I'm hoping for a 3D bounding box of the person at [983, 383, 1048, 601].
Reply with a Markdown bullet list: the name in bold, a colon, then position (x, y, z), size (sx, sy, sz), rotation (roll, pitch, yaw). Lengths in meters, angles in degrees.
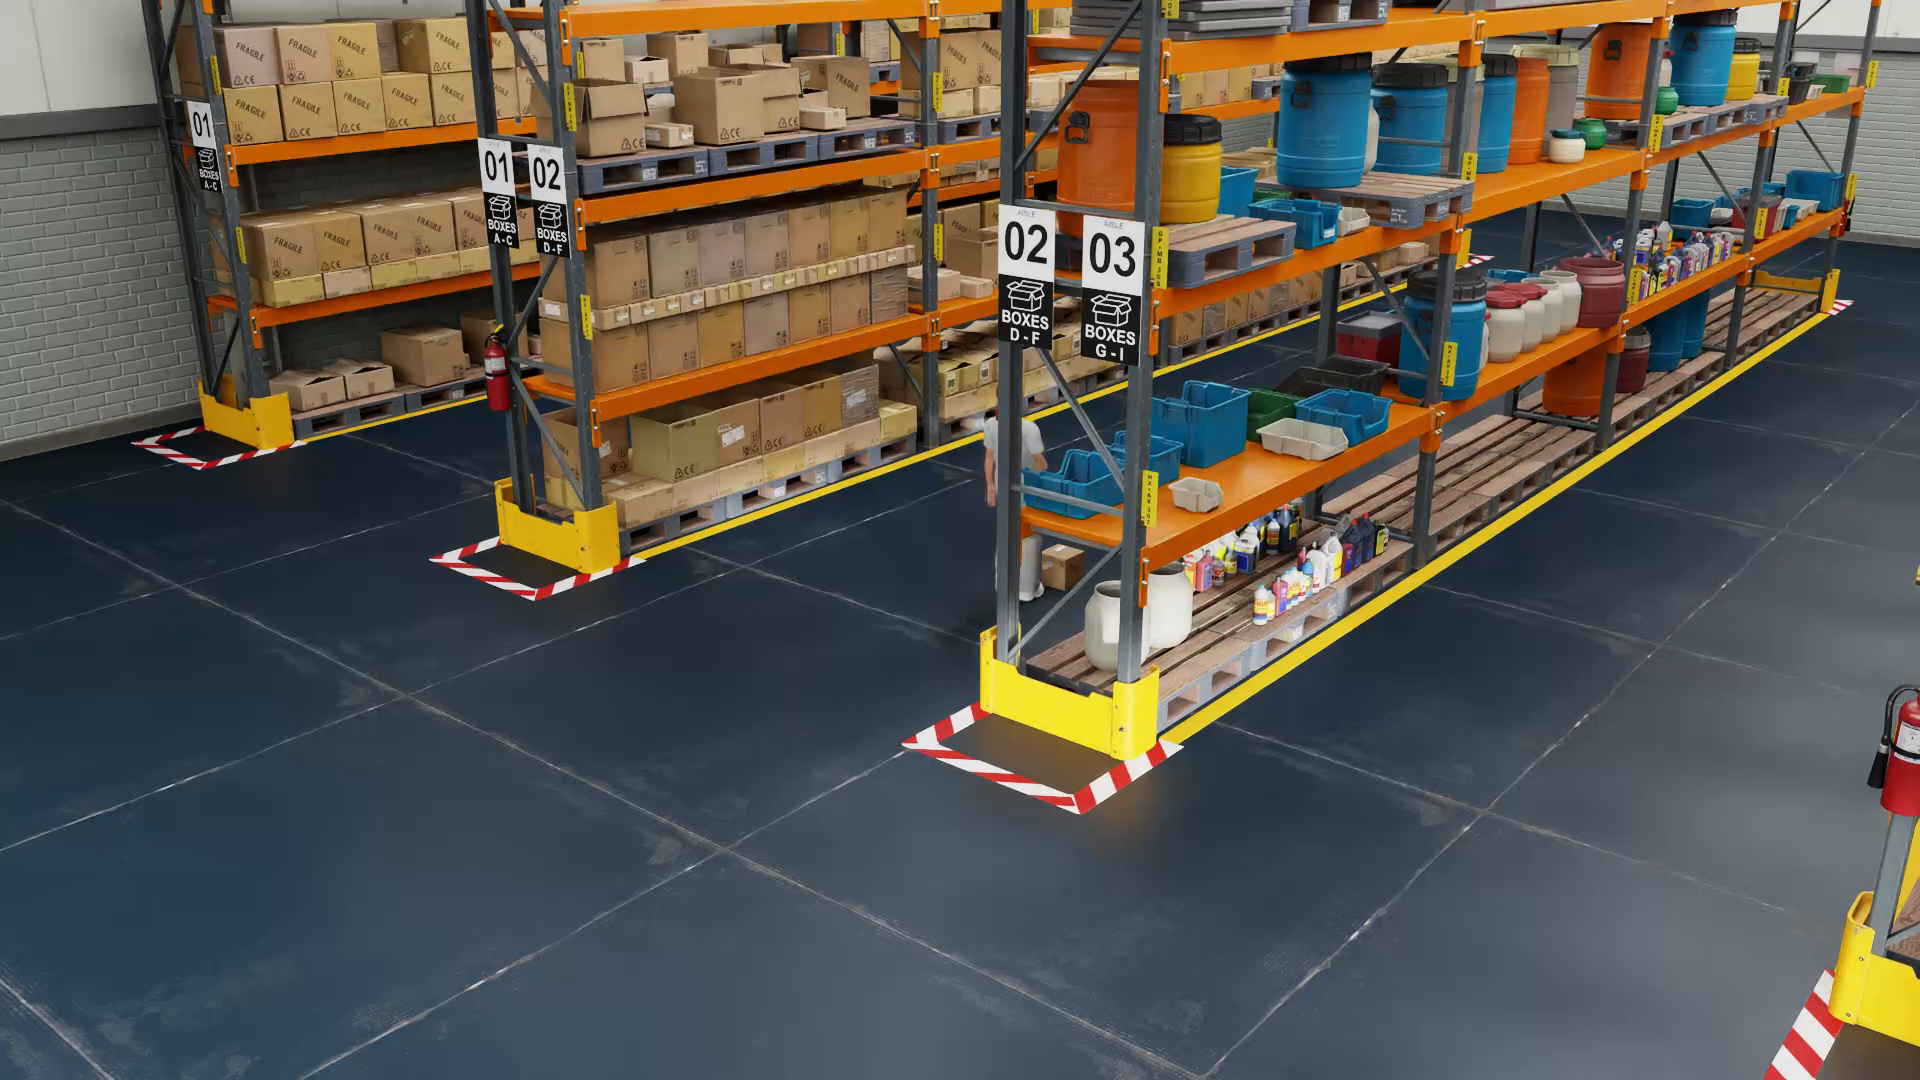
- **person**: position (0.434, -0.357, 12.033), size (0.476, 1.689, 0.524), rotation (12, 23, 29)

------------------------------------------------------------

#### [Task prompt]
Please return the lines above exactly, with the pictures omitted.

#### [Answer to this exercise]
I'm hoping for a 3D bounding box of the person at [983, 383, 1048, 601].
Reply with a Markdown bullet list: the name in bold, a colon, then position (x, y, z), size (sx, sy, sz), rotation (roll, pitch, yaw). Lengths in meters, angles in degrees.
- **person**: position (0.434, -0.357, 12.033), size (0.476, 1.689, 0.524), rotation (12, 23, 29)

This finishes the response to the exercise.